__Activity__. Beginning at the line containing "- microphone (87,304,93,312)", give again every line through the end of the data, unchanged and with both ends included. Drop any pictures.

__Task input__.
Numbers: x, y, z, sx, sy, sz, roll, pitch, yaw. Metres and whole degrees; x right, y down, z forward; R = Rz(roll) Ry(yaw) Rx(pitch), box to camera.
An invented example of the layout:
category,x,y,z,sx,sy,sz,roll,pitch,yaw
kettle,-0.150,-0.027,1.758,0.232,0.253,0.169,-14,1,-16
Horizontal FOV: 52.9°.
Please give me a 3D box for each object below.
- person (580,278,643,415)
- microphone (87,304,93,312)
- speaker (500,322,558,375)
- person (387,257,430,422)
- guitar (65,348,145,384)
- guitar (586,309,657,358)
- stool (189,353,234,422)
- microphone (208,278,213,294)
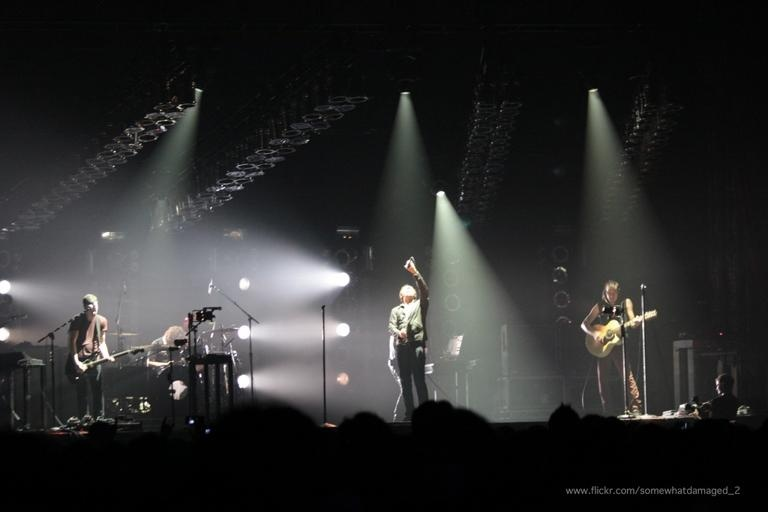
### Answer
category,x,y,z,sx,sy,sz,roll,pitch,yaw
person,4.535,1.830,15.204,1.183,2.470,0.795,-1,11,22
microphone,-5.480,0.975,14.386,0.121,0.107,0.027,-2,17,-12
speaker,3.125,2.034,16.818,0.974,1.110,0.806,-1,1,-21
person,0.509,1.559,14.256,0.844,2.285,0.645,-3,-1,29
guitar,-5.152,2.059,14.806,1.048,0.571,1.527,0,0,16
guitar,4.408,1.571,15.100,0.266,0.636,1.633,0,-23,-36
stool,-3.093,2.352,13.734,0.922,1.572,0.800,0,-1,-27
microphone,-4.496,0.786,20.133,0.134,0.376,0.314,0,0,-16
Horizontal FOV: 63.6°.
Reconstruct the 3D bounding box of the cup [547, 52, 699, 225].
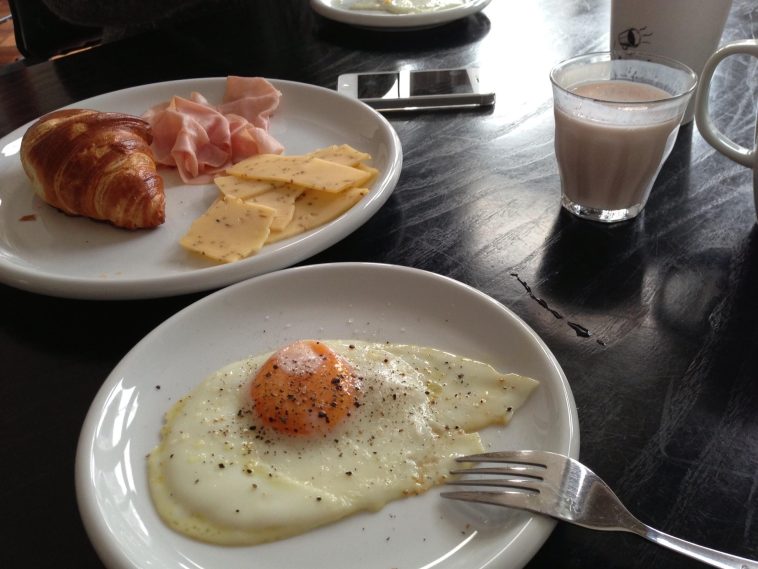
[{"bbox_3d":[0.457,-0.323,1.350,0.291,0.317,0.323,-8,28,-7],"label":"cup"}]

__Solution to this task__.
- microphone (87,304,93,312)
- speaker (500,322,558,375)
- person (387,257,430,422)
- guitar (65,348,145,384)
- guitar (586,309,657,358)
- stool (189,353,234,422)
- microphone (208,278,213,294)
### Answer
category,x,y,z,sx,sy,sz,roll,pitch,yaw
person,4.535,1.830,15.204,1.183,2.470,0.795,-1,11,22
microphone,-5.480,0.975,14.386,0.121,0.107,0.027,-2,17,-12
speaker,3.125,2.034,16.818,0.974,1.110,0.806,-1,1,-21
person,0.509,1.559,14.256,0.844,2.285,0.645,-3,-1,29
guitar,-5.152,2.059,14.806,1.048,0.571,1.527,0,0,16
guitar,4.408,1.571,15.100,0.266,0.636,1.633,0,-23,-36
stool,-3.093,2.352,13.734,0.922,1.572,0.800,0,-1,-27
microphone,-4.496,0.786,20.133,0.134,0.376,0.314,0,0,-16
Horizontal FOV: 63.6°.
Reconstruct the 3D bounding box of the cup [547, 52, 699, 225].
[{"bbox_3d":[0.457,-0.323,1.350,0.291,0.317,0.323,-8,28,-7],"label":"cup"}]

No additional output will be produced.